Output the entries exactly. Start at the first line, finish with the line containing "2) sneaker (425,445,517,479)", and omit the pictures.
◇ ◇ ◇ ◇ ◇ ◇ ◇
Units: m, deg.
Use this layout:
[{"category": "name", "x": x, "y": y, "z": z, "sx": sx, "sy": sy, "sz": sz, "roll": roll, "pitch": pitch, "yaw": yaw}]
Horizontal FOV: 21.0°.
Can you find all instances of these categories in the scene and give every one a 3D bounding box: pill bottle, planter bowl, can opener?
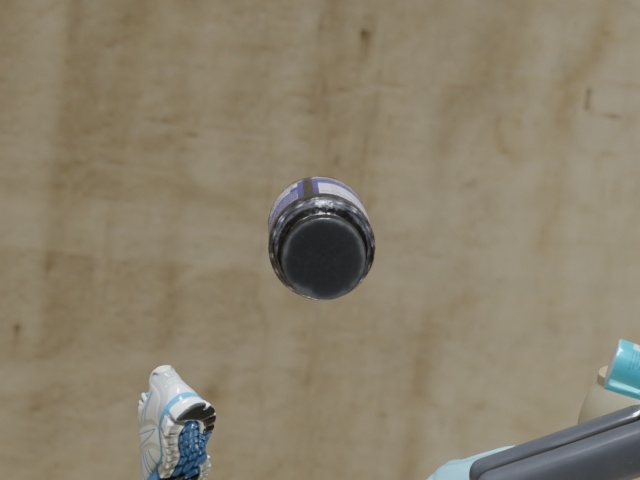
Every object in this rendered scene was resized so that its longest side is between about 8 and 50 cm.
[{"category": "pill bottle", "x": 0.000, "y": 0.000, "z": 1.990, "sx": 0.219, "sy": 0.123, "sz": 0.122, "roll": -97, "pitch": 13, "yaw": -79}, {"category": "planter bowl", "x": 0.404, "y": 0.216, "z": 2.200, "sx": 0.162, "sy": 0.162, "sz": 0.109, "roll": -53, "pitch": -40, "yaw": -77}, {"category": "can opener", "x": 0.258, "y": 0.148, "z": 1.461, "sx": 0.076, "sy": 0.283, "sz": 0.095, "roll": -118, "pitch": 9, "yaw": -79}]

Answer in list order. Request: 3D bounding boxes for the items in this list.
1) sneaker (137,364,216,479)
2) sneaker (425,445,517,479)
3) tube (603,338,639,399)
[{"category": "sneaker", "x": -0.153, "y": 0.193, "z": 1.737, "sx": 0.083, "sy": 0.071, "sz": 0.190, "roll": 54, "pitch": 146, "yaw": 30}, {"category": "sneaker", "x": 0.234, "y": 0.271, "z": 1.842, "sx": 0.135, "sy": 0.366, "sz": 0.150, "roll": 52, "pitch": -126, "yaw": -26}, {"category": "tube", "x": 0.384, "y": 0.153, "z": 1.693, "sx": 0.080, "sy": 0.207, "sz": 0.052, "roll": -61, "pitch": -13, "yaw": -55}]
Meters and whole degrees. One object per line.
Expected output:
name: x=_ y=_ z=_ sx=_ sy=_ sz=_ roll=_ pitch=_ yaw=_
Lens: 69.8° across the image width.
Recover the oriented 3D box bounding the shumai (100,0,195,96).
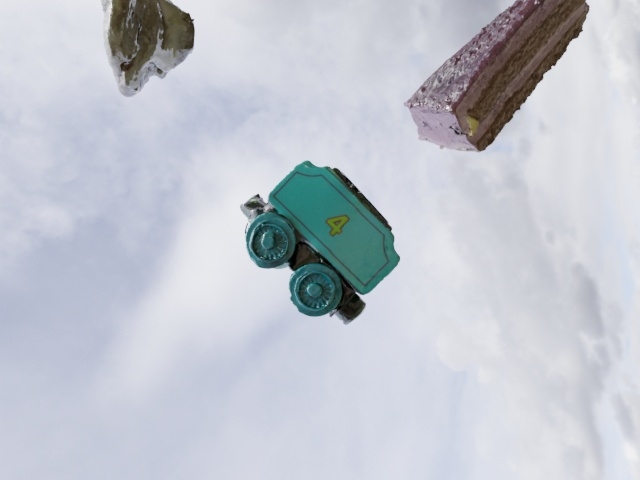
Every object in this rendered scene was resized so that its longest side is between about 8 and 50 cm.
shumai: x=-0.242 y=-0.297 z=0.651 sx=0.120 sy=0.201 sz=0.201 roll=-4 pitch=-97 yaw=-20

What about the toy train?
toy train: x=0.000 y=0.000 z=0.561 sx=0.198 sy=0.154 sz=0.107 roll=47 pitch=-179 yaw=5

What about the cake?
cake: x=0.267 y=-0.246 z=0.664 sx=0.116 sy=0.295 sz=0.113 roll=36 pitch=-164 yaw=-43
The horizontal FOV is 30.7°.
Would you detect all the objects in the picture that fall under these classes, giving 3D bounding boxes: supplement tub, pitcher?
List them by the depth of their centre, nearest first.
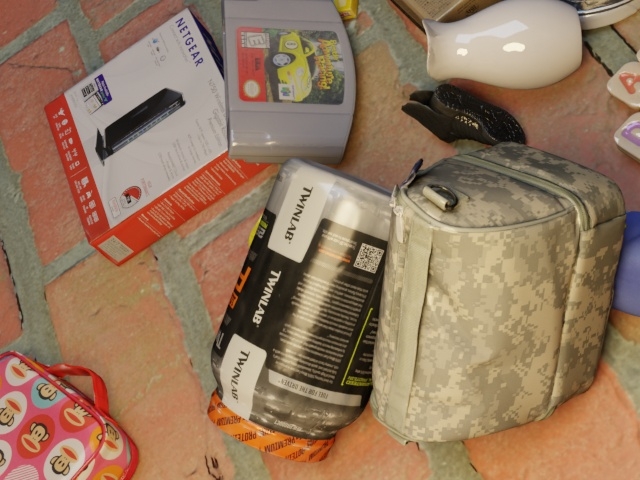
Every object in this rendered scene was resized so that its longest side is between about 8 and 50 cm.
[{"bbox_3d":[-0.007,0.085,1.433,0.207,0.207,0.338,25,97,38],"label":"supplement tub"},{"bbox_3d":[0.247,-0.264,1.607,0.207,0.178,0.126,-5,89,5],"label":"pitcher"}]

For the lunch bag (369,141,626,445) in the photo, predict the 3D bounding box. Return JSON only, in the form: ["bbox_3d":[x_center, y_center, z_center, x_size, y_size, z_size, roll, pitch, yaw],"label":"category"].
[{"bbox_3d":[0.174,0.056,1.281,0.212,0.305,0.256,27,33,36],"label":"lunch bag"}]

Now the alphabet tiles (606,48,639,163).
[{"bbox_3d":[0.508,-0.190,1.446,0.284,0.021,0.278,-45,50,-2],"label":"alphabet tiles"}]

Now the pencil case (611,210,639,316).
[{"bbox_3d":[0.424,0.042,1.318,0.306,0.119,0.133,19,30,37],"label":"pencil case"}]

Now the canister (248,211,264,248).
[{"bbox_3d":[0.000,0.000,1.611,0.170,0.073,0.126,26,78,36],"label":"canister"}]

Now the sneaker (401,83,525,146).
[{"bbox_3d":[0.197,-0.163,1.609,0.170,0.089,0.051,32,66,2],"label":"sneaker"}]

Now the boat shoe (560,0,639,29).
[{"bbox_3d":[0.448,-0.400,1.584,0.301,0.102,0.108,-28,52,12],"label":"boat shoe"}]

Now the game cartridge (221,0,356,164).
[{"bbox_3d":[-0.047,-0.247,1.740,0.196,0.060,0.294,2,60,-13],"label":"game cartridge"}]

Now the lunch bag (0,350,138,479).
[{"bbox_3d":[-0.400,0.285,1.630,0.293,0.120,0.258,30,78,39],"label":"lunch bag"}]

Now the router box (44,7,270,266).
[{"bbox_3d":[-0.267,-0.171,1.860,0.301,0.082,0.335,-34,51,7],"label":"router box"}]

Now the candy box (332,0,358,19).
[{"bbox_3d":[0.016,-0.439,1.901,0.105,0.027,0.206,-8,58,24],"label":"candy box"}]

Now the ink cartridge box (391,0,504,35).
[{"bbox_3d":[0.220,-0.411,1.730,0.234,0.088,0.193,-39,49,4],"label":"ink cartridge box"}]
◇ ◇ ◇ ◇ ◇ ◇ ◇
§ **Reply to the task**:
Units: m, deg.
Use this layout:
[{"category": "name", "x": x, "y": y, "z": z, "sx": sx, "sy": sy, "sz": sz, "roll": roll, "pitch": pitch, "yaw": yaw}]
Horizontal FOV: 21.0°.
Can you find all instances of these categories in the scene and give every one a 3D bounding box: pill bottle, planter bowl, can opener?
Every object in this rendered scene was resized so that its longest side is between about 8 and 50 cm.
[{"category": "pill bottle", "x": 0.000, "y": 0.000, "z": 1.990, "sx": 0.219, "sy": 0.123, "sz": 0.122, "roll": -97, "pitch": 13, "yaw": -79}, {"category": "planter bowl", "x": 0.404, "y": 0.216, "z": 2.200, "sx": 0.162, "sy": 0.162, "sz": 0.109, "roll": -53, "pitch": -40, "yaw": -77}, {"category": "can opener", "x": 0.258, "y": 0.148, "z": 1.461, "sx": 0.076, "sy": 0.283, "sz": 0.095, "roll": -118, "pitch": 9, "yaw": -79}]

Answer in list order. Request: 3D bounding boxes for the items in this list.
1) sneaker (137,364,216,479)
2) sneaker (425,445,517,479)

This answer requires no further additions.